I sit down intending to get work done and then wake up four hours later confused and just as exhausted as when I fell asleep. When I want to sleep my brain takes the opportunity to give me a rundown of mistake I have ever made, everything I wish I had said but didn’t and everything I wanted to do but couldn’t. I feel like I’m trapped in my own head.
I wrote papers and failed to turn them in because I was so completely disappointed by what I had written. Then I lay in bed and wondered why I couldn’t be better. I get so angry and nervous that I don’t eat when I know I should. I sleep too much or not enough. I don’t remember what happens during the day and I don’t really want to because there doesn’t seem to be much worth remembering. There were days where I was filled with this incredibly certain sense of doom, not just for myself but for every single person that I saw. I couldn’t even look at other people without feeling scared and anxious.
This is by no means an account of the worst of human suffering, I still have a lot of joy and opportunity in my life. I tend to tell myself that I haven’t suffered enough to deserve help but you don’t have to have the world’s saddest story (played on the world’s tiniest violin) to ask for help or to need it. The argument that you should be grateful things aren’t worse is meant to give perspective.
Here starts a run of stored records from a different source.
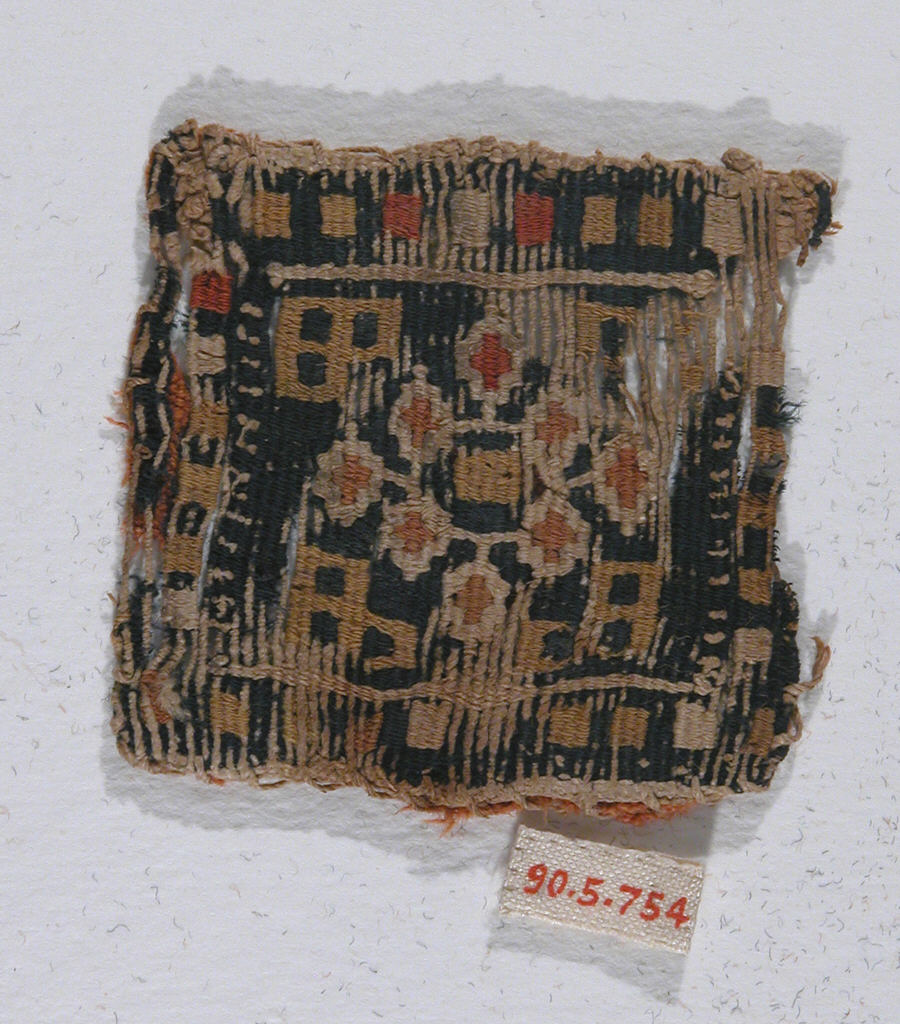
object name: textile fragment
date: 401-600
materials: linen, wool
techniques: weave
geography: egypt
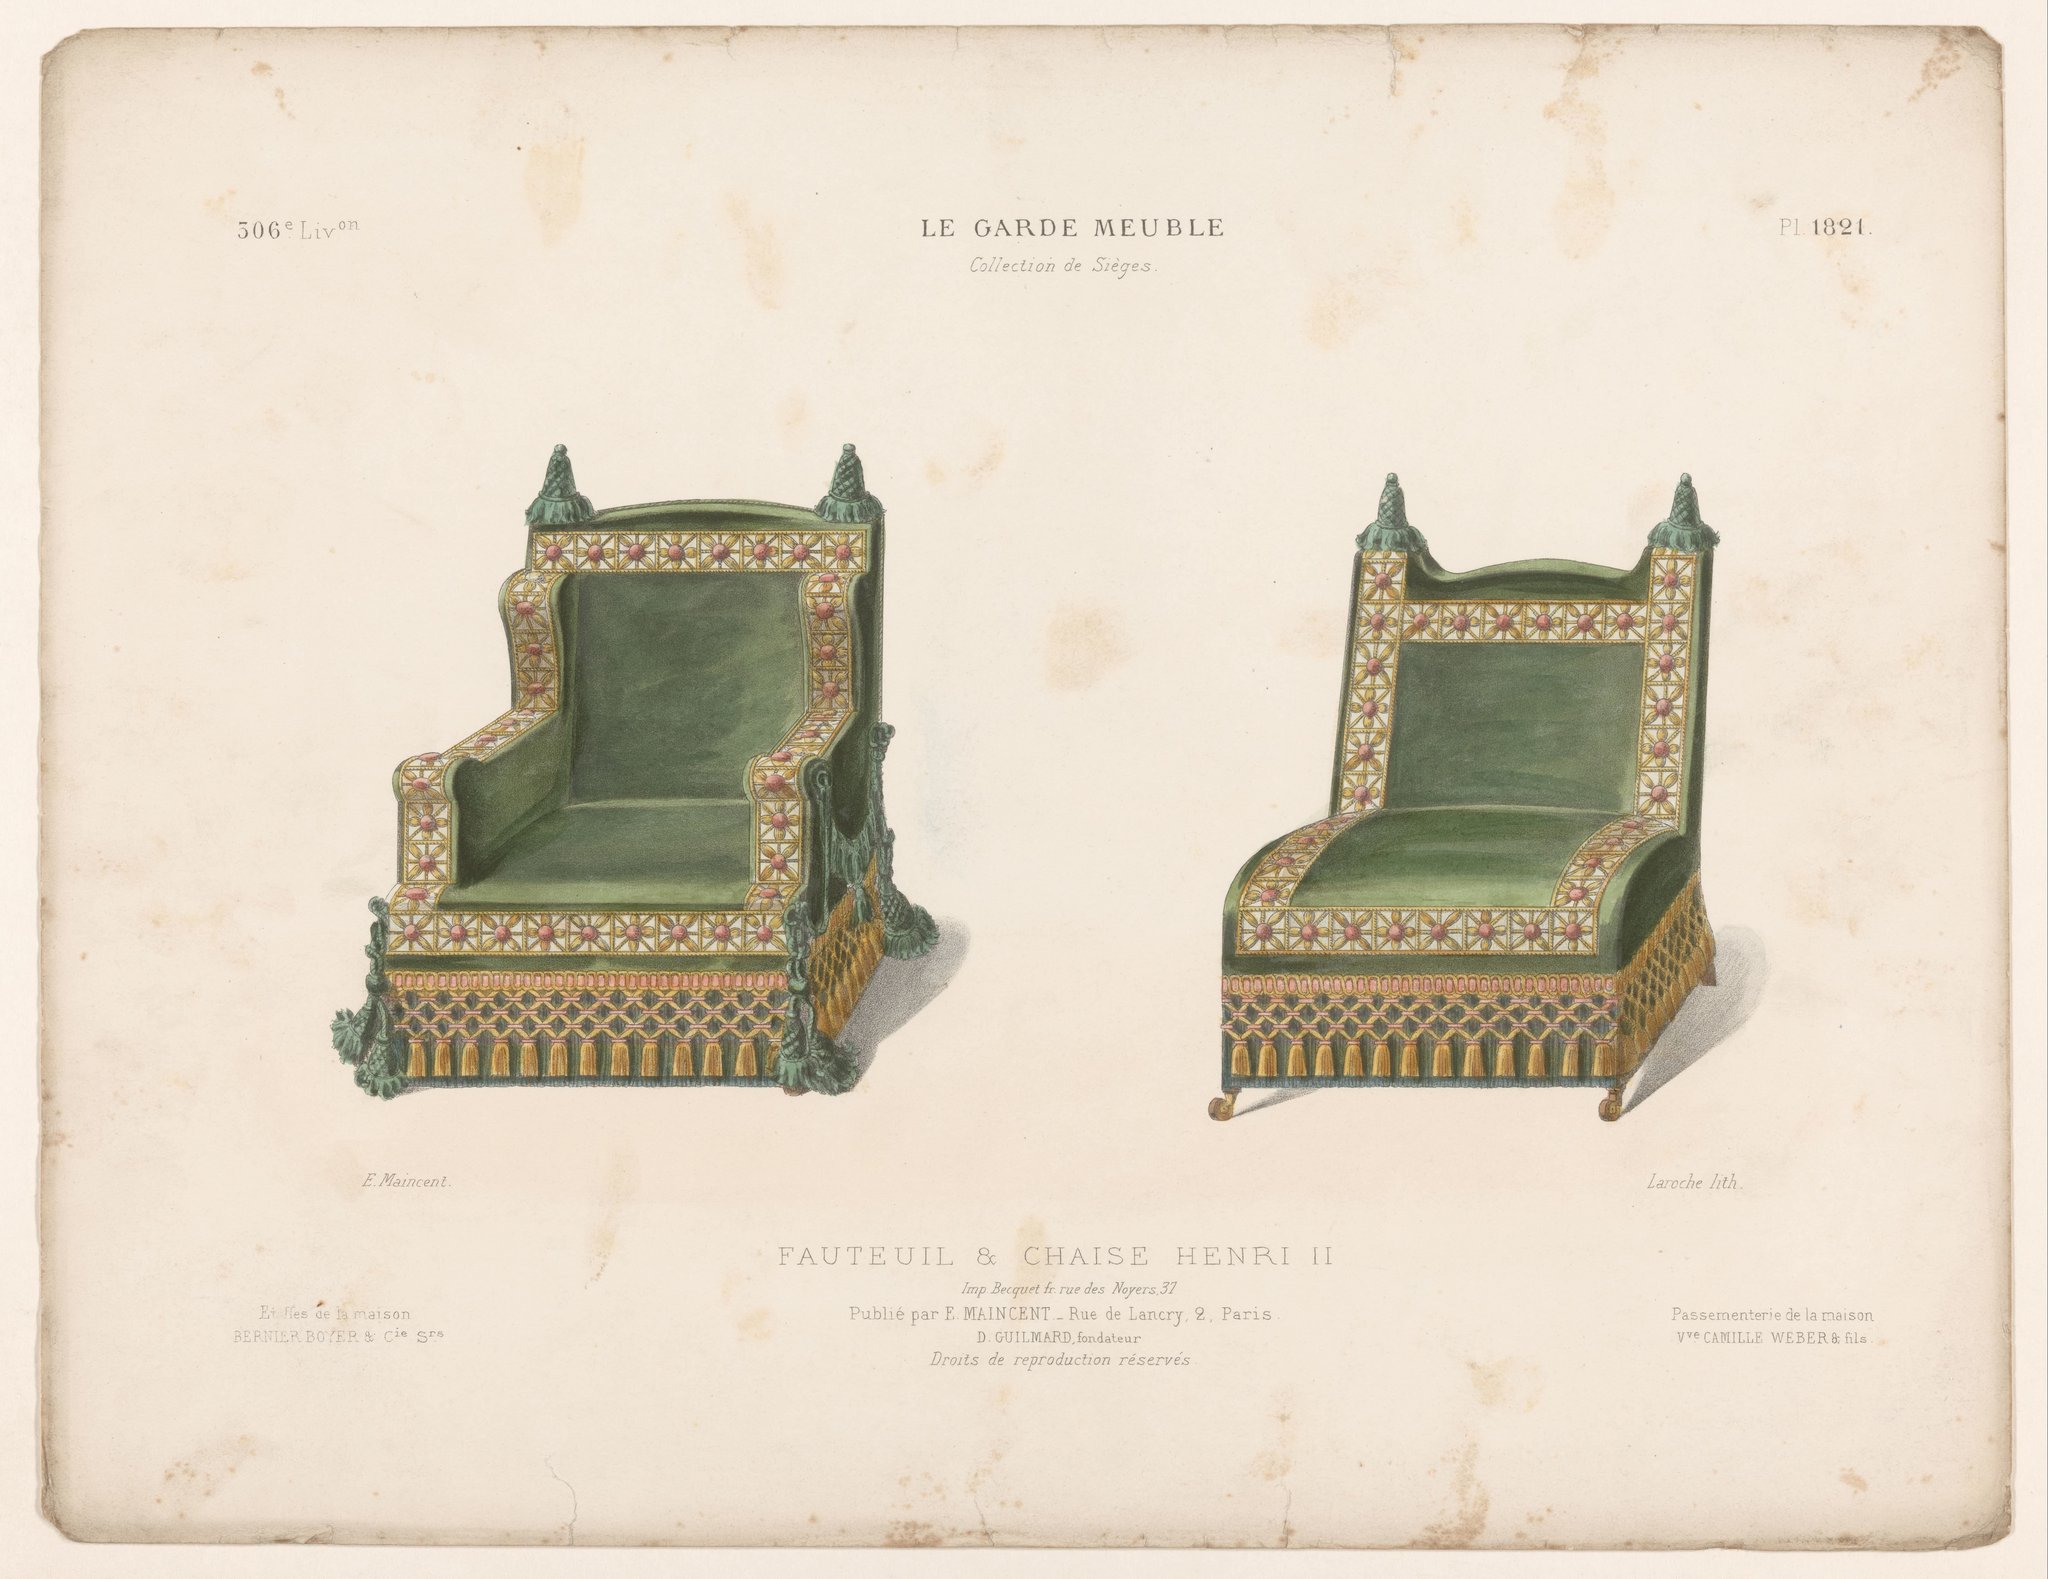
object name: print
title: Fauteuil en stoel
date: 1885-1895
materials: paper
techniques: hand coloring, lithograph
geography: paris
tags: seating furniture
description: Ieder Livraison in de serie Le Garde-Meuble bevat negen platen: drie 'sièges' (zitmeubels), drie 'meubles' (diverse meubels zoals tafels en kasten) en drie 'tentures' (gordijnen en draperieën).
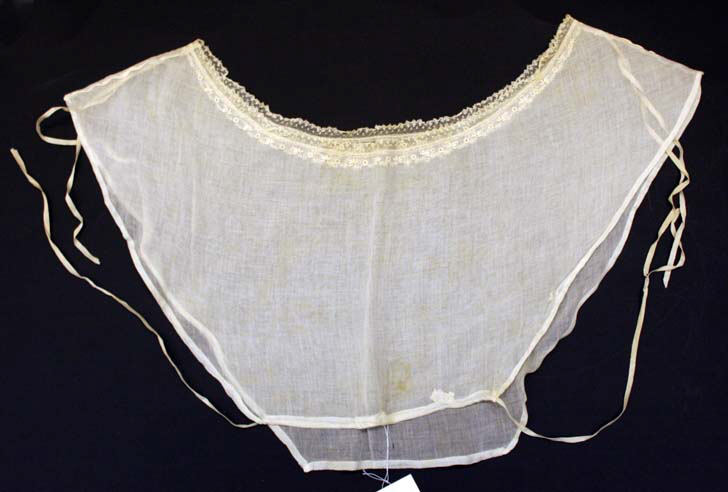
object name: fichu
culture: american
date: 1850-1859
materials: cotton
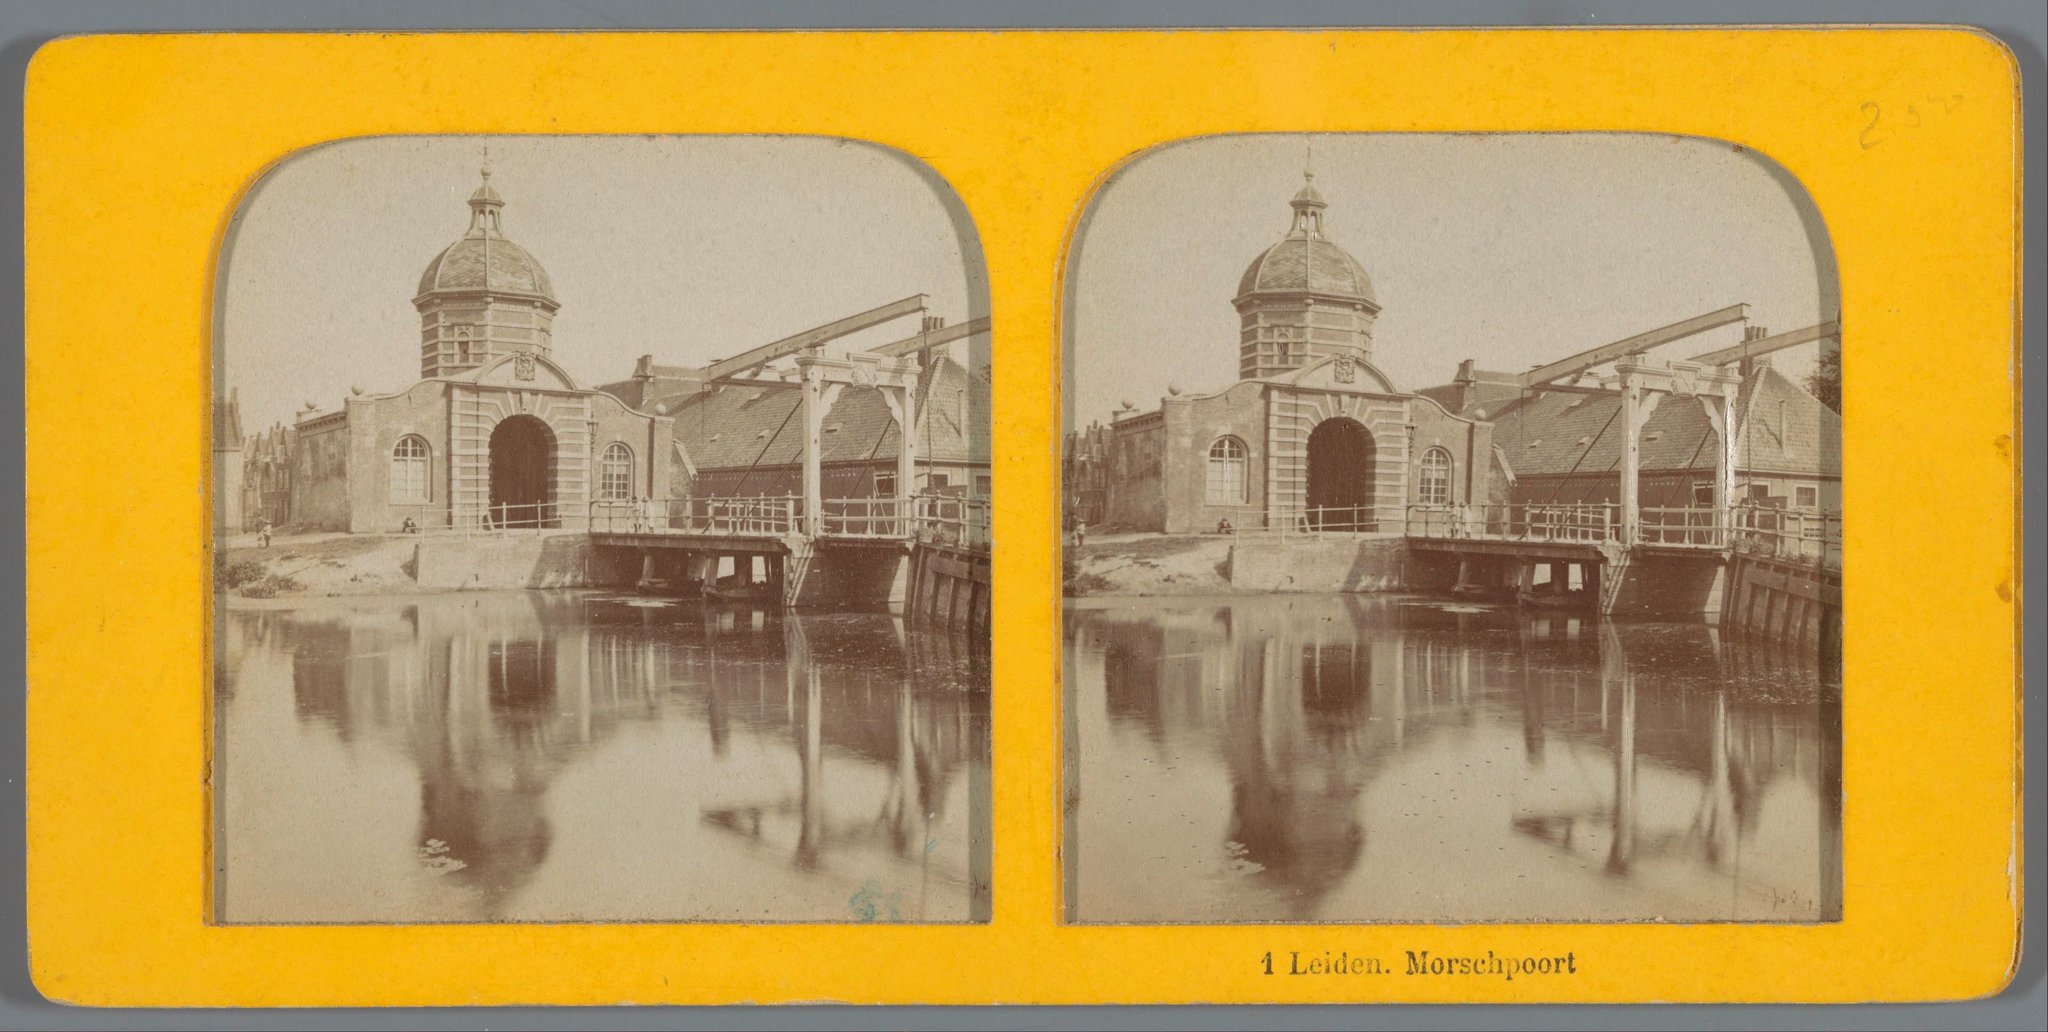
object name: tissue stereograph
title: Leiden. Morschpoort
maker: Anonymous
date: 1855-1875
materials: cardboard, paper, photographic support
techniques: albumen print, cutting, hand coloring
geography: leiden
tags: bridge in city across river, canal, etc. - ii - ideal city, city-gate
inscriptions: number: ‘9’, number: ‘1’
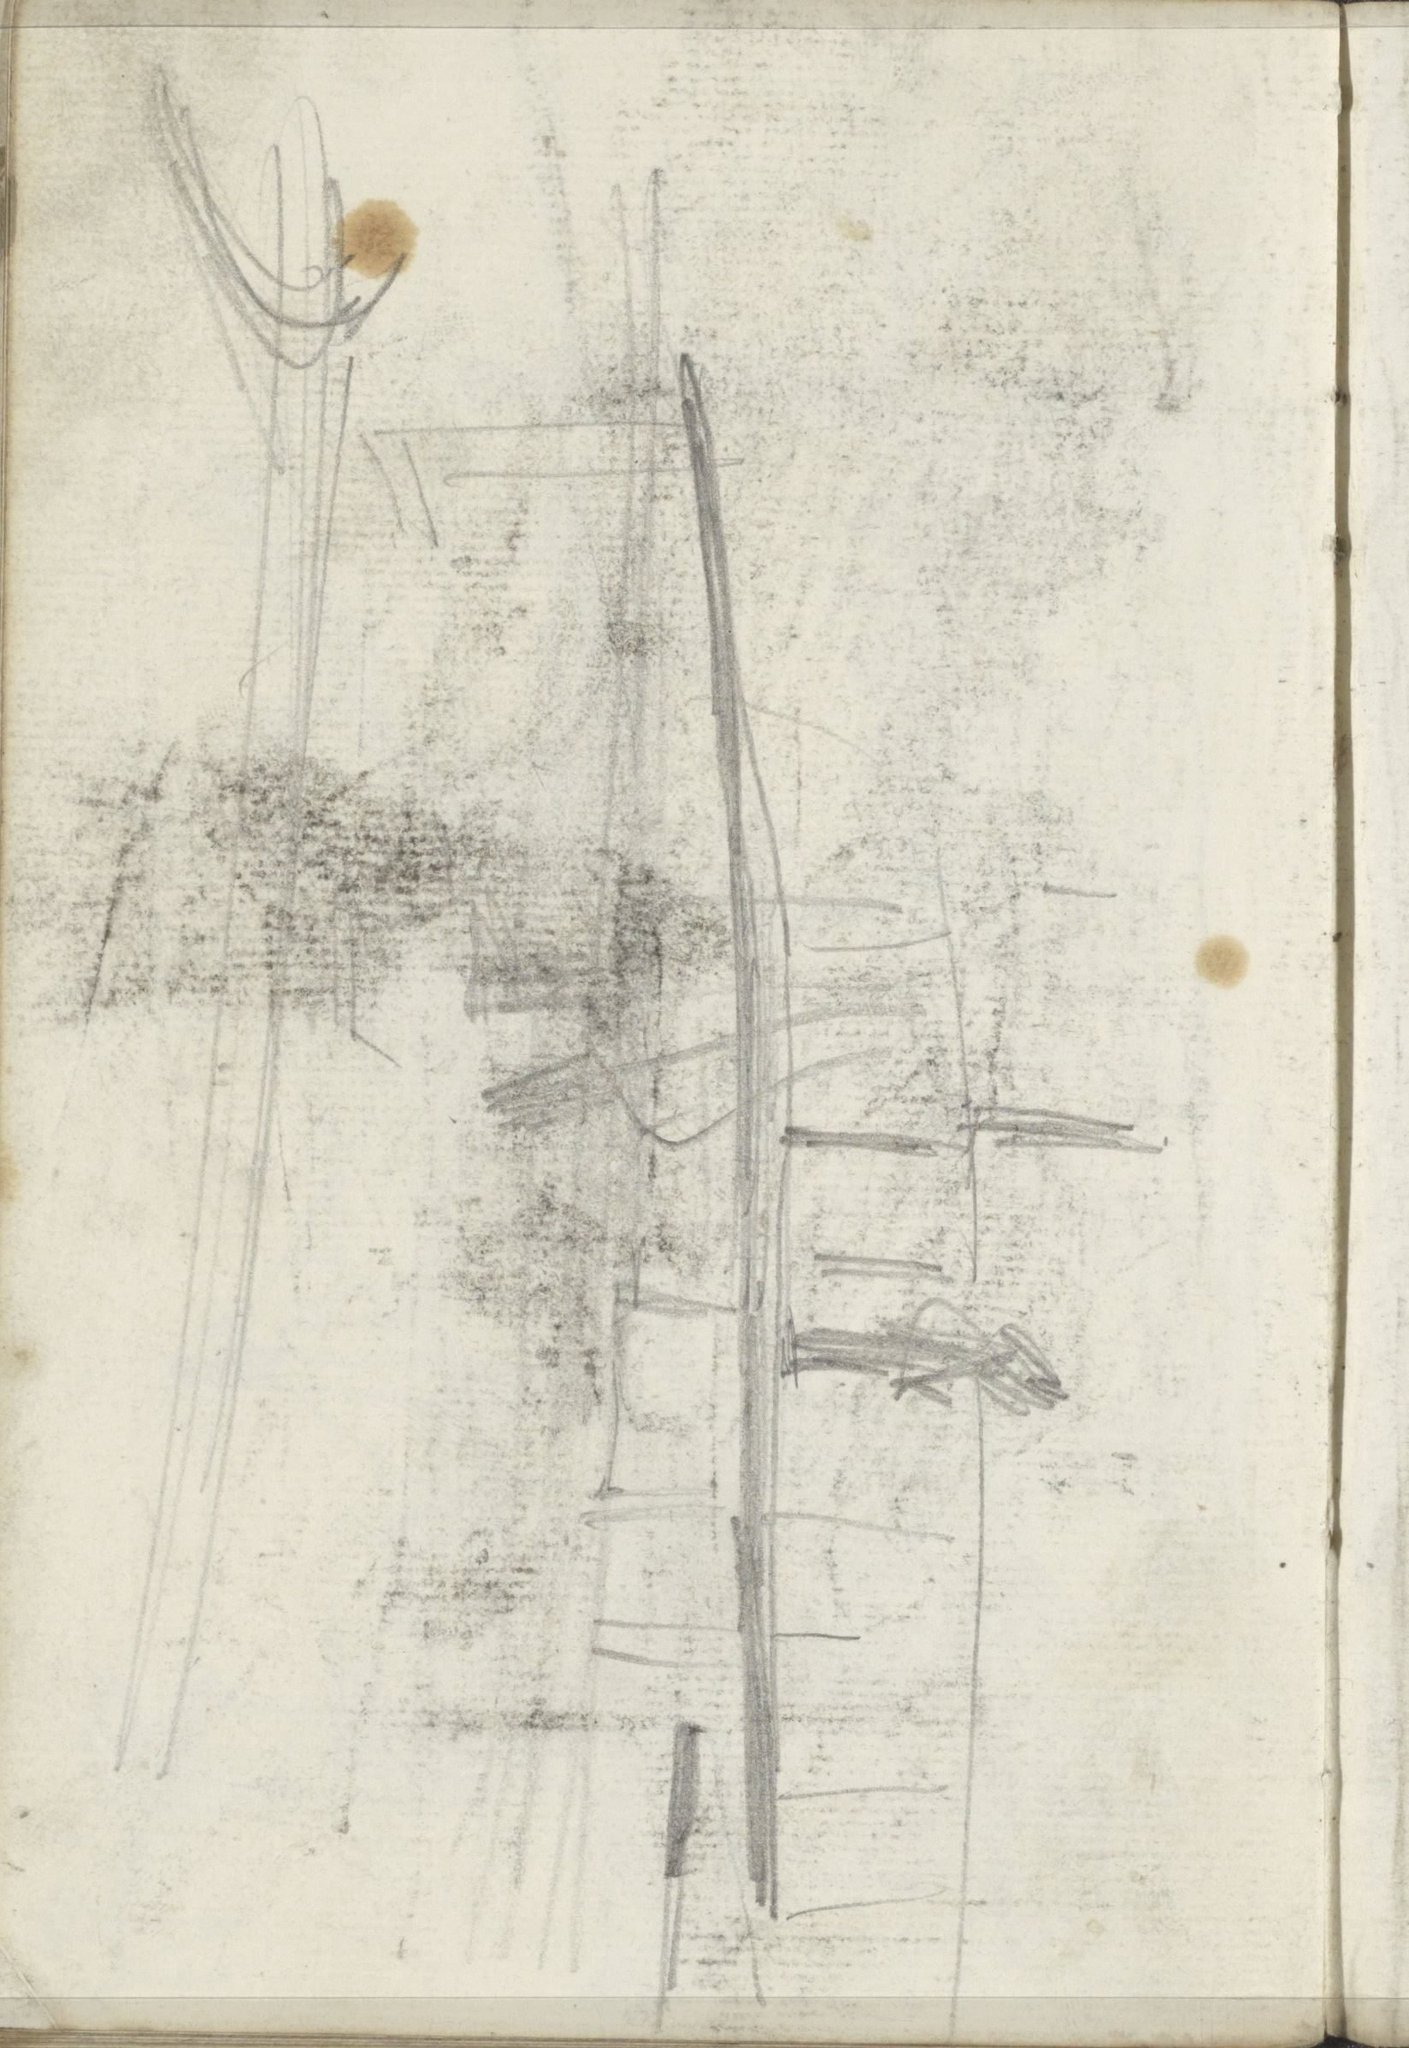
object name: sketchbook leaf
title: Figuur op een brug
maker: george hendrik breitner
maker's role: draughtsman, painter, print maker
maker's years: 1857-1923
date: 1886-1898
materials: paper, pencil
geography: amsterdam
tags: bridge in city across river, canal, etc. (+ city(-scape) with figures, staffage), amsterdam
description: Pagina 39 uit een schetsboek met 21 bladen.

I used the fact that I wasn’t completely miserable all the time to avoid addressing the problem.
Berea is imperfect, there doesn’t seem to be enough counselors to meet the demand. I wasn’t sure that white counselors would understand my racial angst or that they would even be open to hear about it. However the counselors are all incredibly well trained and invested people. If you need to talk to someone immediately you will be seen. Nothing has been resolved. I have unresolved task piling up that I have yet to turn in. I haven’t registered for classes. I am still academically a mess, I’m still tired and angry and inexplicably sad but in addition to those things I’m a little hopeful which is a start.